As the performance industry matured and techniques grew ever more sophisticated, new challenges started appearing in the endless pursuit of users. Minimizing wastefulness and maximizing effectiveness required us to evolve from an approach that targets everyone to tools that target someone - the someone who is genuinely interested in our app.
App Store and Google Play categories were not built with performance marketing in mind. More accurately, they were not built with people in mind. They are a tool for developers to crudely pile apps together, saying nothing about the individuals that use apps which happen to share a store category.

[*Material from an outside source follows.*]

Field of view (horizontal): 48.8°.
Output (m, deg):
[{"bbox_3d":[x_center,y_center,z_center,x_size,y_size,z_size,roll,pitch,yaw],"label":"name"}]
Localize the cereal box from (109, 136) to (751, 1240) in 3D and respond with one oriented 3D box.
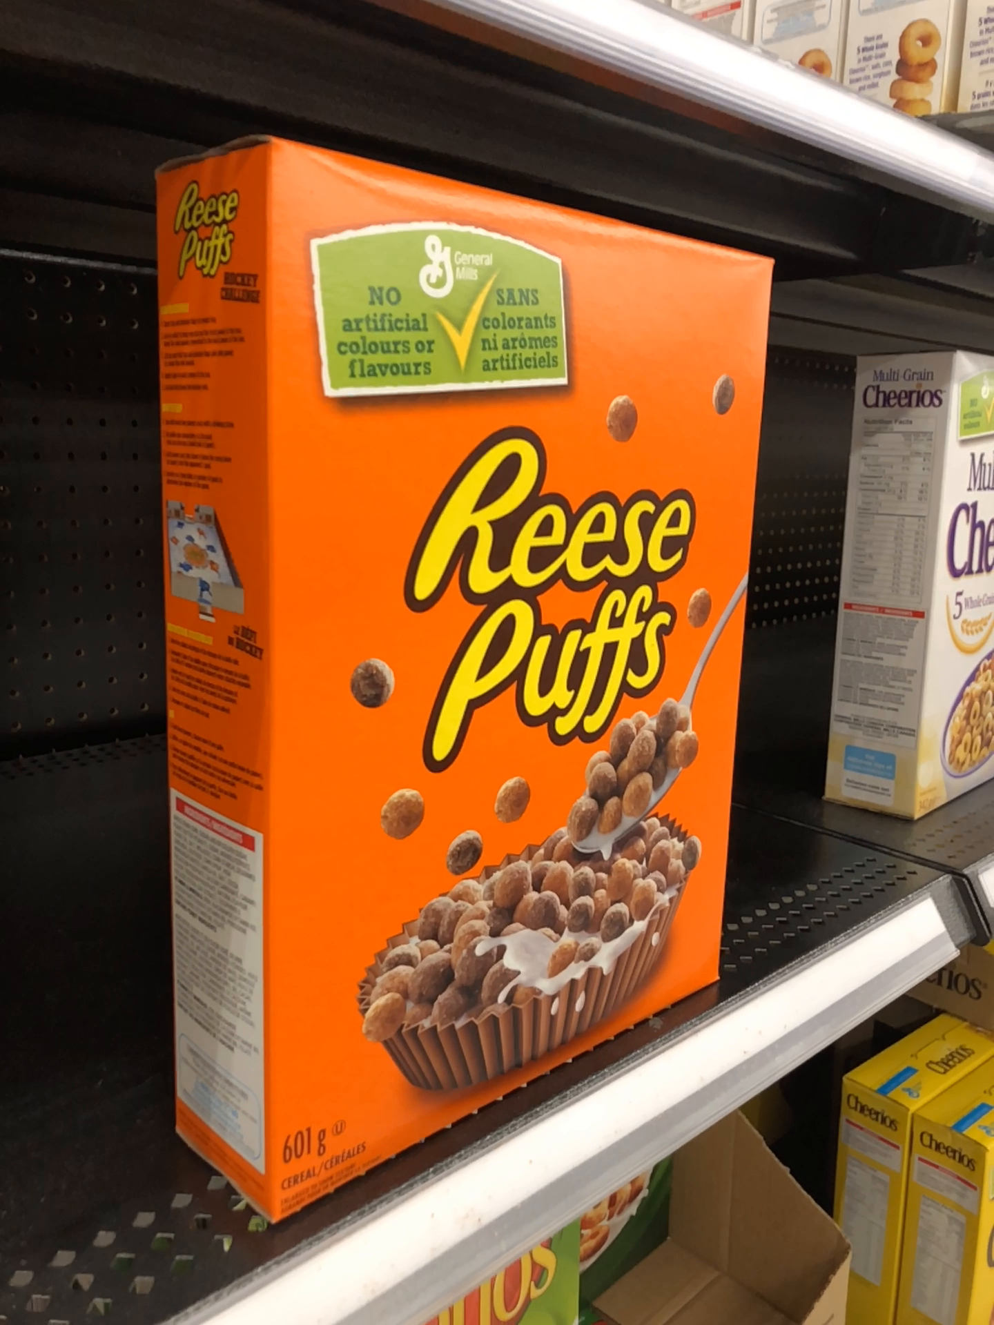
[{"bbox_3d":[-0.010,0.001,0.417,0.240,0.319,0.070,-10,15,-44],"label":"cereal box"}]

At first glance, App Store and Google Play categories seem a straightforward way to classify users. Superficially, a casino game advertiser would probably want to reach users that have installed other games in the Casino category. However, abysmal return on investments indicate that app categories do not actually overlap well with user interests.
Looking deeper into the matter of category-centric user profiling, three major points of failure appear, categories are:
The 18 gaming categories in the App Store and the 17 in Google Play provide a low resolution picture - pixelating a swath of users into a blurry image with no fine details. After all, users don’t just install any random game based on category alone in the app store.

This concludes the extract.